:: WHAT THE TASK REQUIRES ::
Your output must hold every entry exactly as written and none of the pictures.

:: AVAILABLE RECORDS ::
= Beginning of Section =
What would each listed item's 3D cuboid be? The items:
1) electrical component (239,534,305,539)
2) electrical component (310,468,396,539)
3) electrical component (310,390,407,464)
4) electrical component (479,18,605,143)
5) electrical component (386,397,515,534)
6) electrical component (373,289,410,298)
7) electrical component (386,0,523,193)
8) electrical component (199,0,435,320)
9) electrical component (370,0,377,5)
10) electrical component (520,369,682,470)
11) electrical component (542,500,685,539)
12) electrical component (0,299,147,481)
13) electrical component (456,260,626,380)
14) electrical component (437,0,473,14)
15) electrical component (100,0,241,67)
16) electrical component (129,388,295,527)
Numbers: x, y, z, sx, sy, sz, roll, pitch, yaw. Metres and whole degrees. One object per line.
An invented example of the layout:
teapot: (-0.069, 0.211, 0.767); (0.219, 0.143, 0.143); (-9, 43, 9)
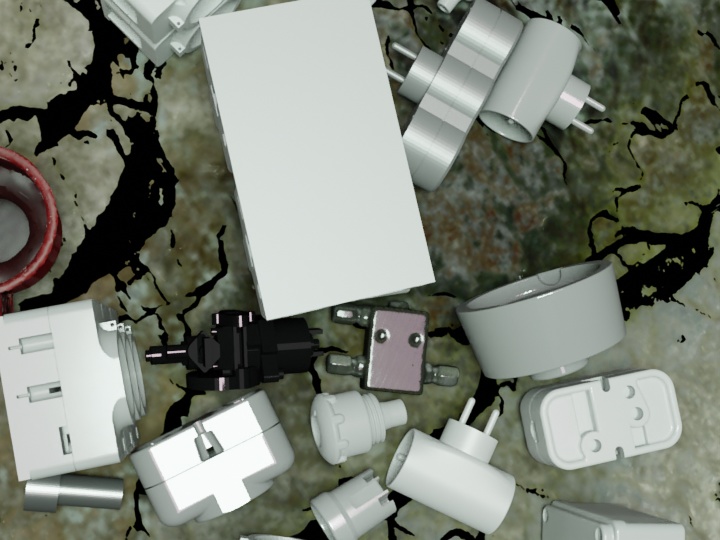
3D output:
electrical component: (-0.045, 0.206, 0.652); (0.089, 0.150, 0.061); (10, 85, -8)
electrical component: (-0.004, 0.159, 0.719); (0.046, 0.040, 0.040); (-30, 90, -15)
electrical component: (0.000, 0.102, 0.723); (0.062, 0.048, 0.048); (-11, 87, -17)
electrical component: (0.136, -0.125, 0.762); (0.079, 0.044, 0.077); (29, 81, -5)
electrical component: (0.069, 0.127, 0.730); (0.077, 0.043, 0.079); (26, 82, -5)
electrical component: (0.000, 0.000, 0.733); (0.078, 0.040, 0.040); (-8, 86, -9)
electrical component: (0.050, -0.130, 0.746); (0.074, 0.052, 0.138); (29, 81, -5)
electrical component: (-0.030, -0.070, 0.680); (0.105, 0.060, 0.186); (-13, 88, -9)
electrical component: (-0.009, -0.211, 0.747); (0.055, 0.048, 0.066); (39, 86, 1)
electrical component: (0.162, 0.101, 0.739); (0.095, 0.059, 0.053); (-11, 87, -9)
electrical component: (0.164, 0.212, 0.705); (0.056, 0.109, 0.108); (3, 85, -11)
electrical component: (-0.167, 0.069, 0.645); (0.062, 0.150, 0.089); (-10, 87, -8)
electrical component: (0.124, 0.039, 0.717); (0.108, 0.108, 0.060); (-19, 94, -10)
electrical component: (0.078, -0.209, 0.766); (0.035, 0.035, 0.061); (38, 83, -4)
electrical component: (-0.083, -0.223, 0.706); (0.060, 0.105, 0.186); (45, 80, -3)
electrical component: (-0.094, 0.124, 0.701); (0.095, 0.054, 0.059); (-26, 89, -10)
= End of Section =
:: TASK SOLUTION ::
What would each listed item's 3D cuboid be? The items:
1) electrical component (239,534,305,539)
2) electrical component (310,468,396,539)
3) electrical component (310,390,407,464)
4) electrical component (479,18,605,143)
5) electrical component (386,397,515,534)
6) electrical component (373,289,410,298)
7) electrical component (386,0,523,193)
8) electrical component (199,0,435,320)
9) electrical component (370,0,377,5)
10) electrical component (520,369,682,470)
11) electrical component (542,500,685,539)
12) electrical component (0,299,147,481)
13) electrical component (456,260,626,380)
14) electrical component (437,0,473,14)
15) electrical component (100,0,241,67)
16) electrical component (129,388,295,527)
Numbers: x, y, z, sx, sy, sz, roll, pitch, yaw. Metres and whole degrees. One object per line.
An invented example of the layout:
teapot: (-0.069, 0.211, 0.767); (0.219, 0.143, 0.143); (-9, 43, 9)
3D output:
electrical component: (-0.045, 0.206, 0.652); (0.089, 0.150, 0.061); (10, 85, -8)
electrical component: (-0.004, 0.159, 0.719); (0.046, 0.040, 0.040); (-30, 90, -15)
electrical component: (0.000, 0.102, 0.723); (0.062, 0.048, 0.048); (-11, 87, -17)
electrical component: (0.136, -0.125, 0.762); (0.079, 0.044, 0.077); (29, 81, -5)
electrical component: (0.069, 0.127, 0.730); (0.077, 0.043, 0.079); (26, 82, -5)
electrical component: (0.000, 0.000, 0.733); (0.078, 0.040, 0.040); (-8, 86, -9)
electrical component: (0.050, -0.130, 0.746); (0.074, 0.052, 0.138); (29, 81, -5)
electrical component: (-0.030, -0.070, 0.680); (0.105, 0.060, 0.186); (-13, 88, -9)
electrical component: (-0.009, -0.211, 0.747); (0.055, 0.048, 0.066); (39, 86, 1)
electrical component: (0.162, 0.101, 0.739); (0.095, 0.059, 0.053); (-11, 87, -9)
electrical component: (0.164, 0.212, 0.705); (0.056, 0.109, 0.108); (3, 85, -11)
electrical component: (-0.167, 0.069, 0.645); (0.062, 0.150, 0.089); (-10, 87, -8)
electrical component: (0.124, 0.039, 0.717); (0.108, 0.108, 0.060); (-19, 94, -10)
electrical component: (0.078, -0.209, 0.766); (0.035, 0.035, 0.061); (38, 83, -4)
electrical component: (-0.083, -0.223, 0.706); (0.060, 0.105, 0.186); (45, 80, -3)
electrical component: (-0.094, 0.124, 0.701); (0.095, 0.054, 0.059); (-26, 89, -10)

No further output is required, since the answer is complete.